Does Enteric Conversion Affect Graft Survival After Pancreas Transplantation with Bladder Drainage?

Background

Since pancreas transplantation (PT) was introduced in 1966, it has been regarded as a definitive treatment for diabetes mellitus (DM) and has been performed worldwide [1–3]. Various surgical techniques for graft implantation have been reported, and one of the most controversial issues has been the management of exocrine pancreatic secretions [1]. According to the International Pancreas Transplant Registry, bladder drainage is a commonly used method for exocrine drainage [2,3]. It has several advantages [2–4], such as safety and enabling monitoring of urine amylase level to detect graft rejection [4,5]. However, bladder drainage (BD) can be associated with reflux pancreatitis, metabolic acidosis, and urologic complications such as recurrent urinary tract infection, hematuria, and urethritis [4–6]. Because of these drawbacks, physiologic enteric drainage has been performed in 90% of cases in the United States from 2010 to 2014 [2]. However, whether enteric or bladder drainage results in better graft survival remains unclear and the optimal method for managing pancreatic exocrine secretions remains controversial.

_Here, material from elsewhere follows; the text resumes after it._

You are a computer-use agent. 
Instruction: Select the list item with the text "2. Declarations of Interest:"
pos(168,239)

At our institution, BD has been performed for recipients who undergo pancreas transplant alone (PTA), pancreas after kidney transplant (PAK), and simultaneous cadaveric pancreas and living donor kidney transplant (SPLK). According to the severity of complications that lead to readmission caused by recurrent urological and metabolic complications, enteric conversion (EC) may be performed. We monitor and prevent graft rejection through delayed EC after PT using bladder drainage.

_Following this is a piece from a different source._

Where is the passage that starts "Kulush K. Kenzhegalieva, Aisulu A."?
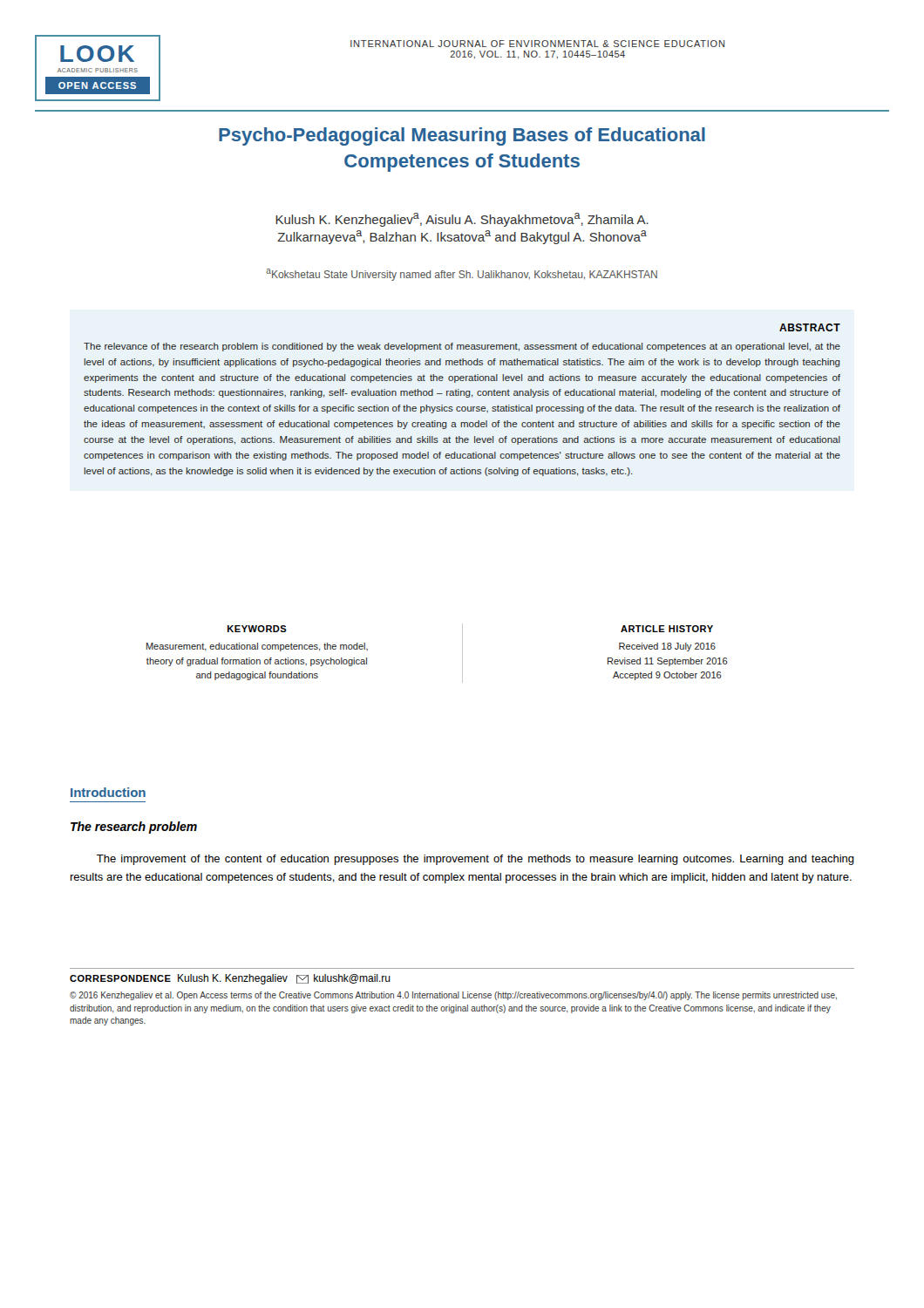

We have experienced some cases of pancreas graft rejection or failure after EC within a short period. Therefore, we investigated pancreas graft rejection and survival of recipients with bladder drainage who underwent EC compared with those who did not.

Material and Methods

STUDY POPULATION:

From January 1999 to October 2015, we performed 318 PTs at our institution. Of these cases, 138 underwent enteric drainage, while 180 underwent BD. We enrolled the 180 recipients who underwent PT with bladder drainage (BD) in the present study. Of these, 97 received PTA, 10 received simultaneous pancreas–kidney transplant (SPK) from a deceased donor, 35 received SPLK, and 38 received PAK. The recipients with bladder drainage were divided into 2 groups according to whether they underwent EC or not: the EC group (n=82) and the maintain BD group (n=98) (Figure 1).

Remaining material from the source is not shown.